Exercise objective: Locate the line that contains "useRef, useState, useCallback" in the data that follows. Copy it and every subsequent line to the end, exactly, excluding pictures.

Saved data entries
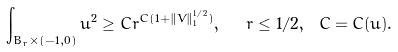Convert formula to latex. <formula><loc_0><loc_0><loc_500><loc_500>\int _ { B _ { r } \times ( - 1 , 0 ) } u ^ { 2 } \geq C r ^ { C ( 1 + \| V \| _ { 1 } ^ { 1 / 2 } ) } , \ \ r \leq 1 / 2 , \ C = C ( u ) .</formula> 
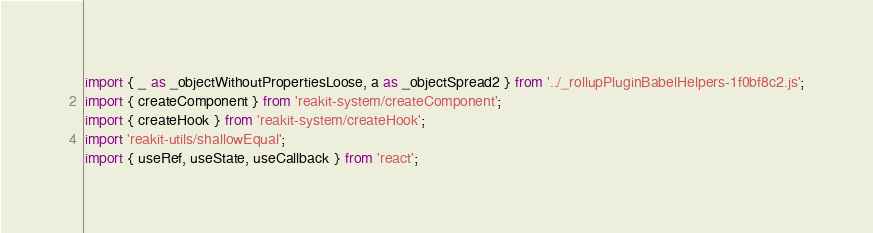<code> <loc_0><loc_0><loc_500><loc_500><_JavaScript_>import { _ as _objectWithoutPropertiesLoose, a as _objectSpread2 } from '../_rollupPluginBabelHelpers-1f0bf8c2.js';
import { createComponent } from 'reakit-system/createComponent';
import { createHook } from 'reakit-system/createHook';
import 'reakit-utils/shallowEqual';
import { useRef, useState, useCallback } from 'react';</code> 
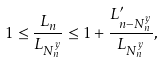<formula> <loc_0><loc_0><loc_500><loc_500>1 \leq \frac { L _ { n } } { L _ { N _ { n } ^ { y } } } \leq 1 + \frac { L ^ { \prime } _ { n - N _ { n } ^ { y } } } { L _ { N _ { n } ^ { y } } } ,</formula> 
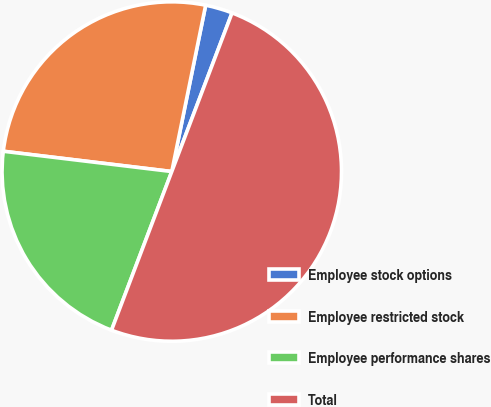<chart> <loc_0><loc_0><loc_500><loc_500><pie_chart><fcel>Employee stock options<fcel>Employee restricted stock<fcel>Employee performance shares<fcel>Total<nl><fcel>2.58%<fcel>26.29%<fcel>21.13%<fcel>50.0%<nl></chart> 
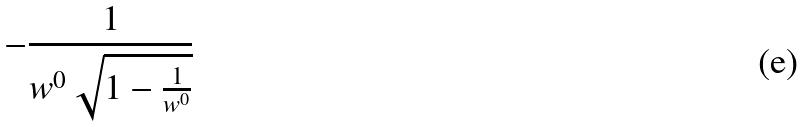<formula> <loc_0><loc_0><loc_500><loc_500>- \frac { 1 } { w ^ { 0 } \sqrt { 1 - \frac { 1 } { w ^ { 0 } } } }</formula> 
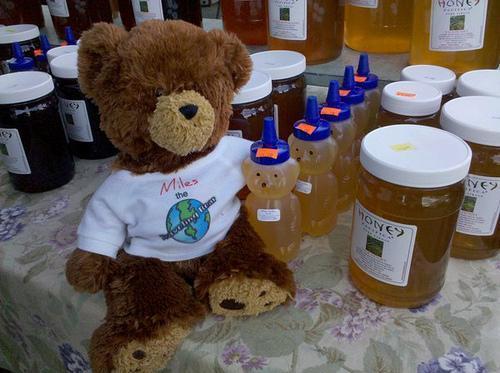How many teddy bears are there?
Give a very brief answer. 1.

Result below:
import { useRef, useState, useCallback } from 'react';</code> 
<formula> <loc_0><loc_0><loc_500><loc_500>1 \leq \frac { L _ { n } } { L _ { N _ { n } ^ { y } } } \leq 1 + \frac { L ^ { \prime } _ { n - N _ { n } ^ { y } } } { L _ { N _ { n } ^ { y } } } ,</formula> 
<chart> <loc_0><loc_0><loc_500><loc_500><pie_chart><fcel>Employee stock options<fcel>Employee restricted stock<fcel>Employee performance shares<fcel>Total<nl><fcel>2.58%<fcel>26.29%<fcel>21.13%<fcel>50.0%<nl></chart> 
<formula> <loc_0><loc_0><loc_500><loc_500>- \frac { 1 } { w ^ { 0 } \sqrt { 1 - \frac { 1 } { w ^ { 0 } } } }</formula> 
How many teddy bears are there?
Give a very brief answer. 1.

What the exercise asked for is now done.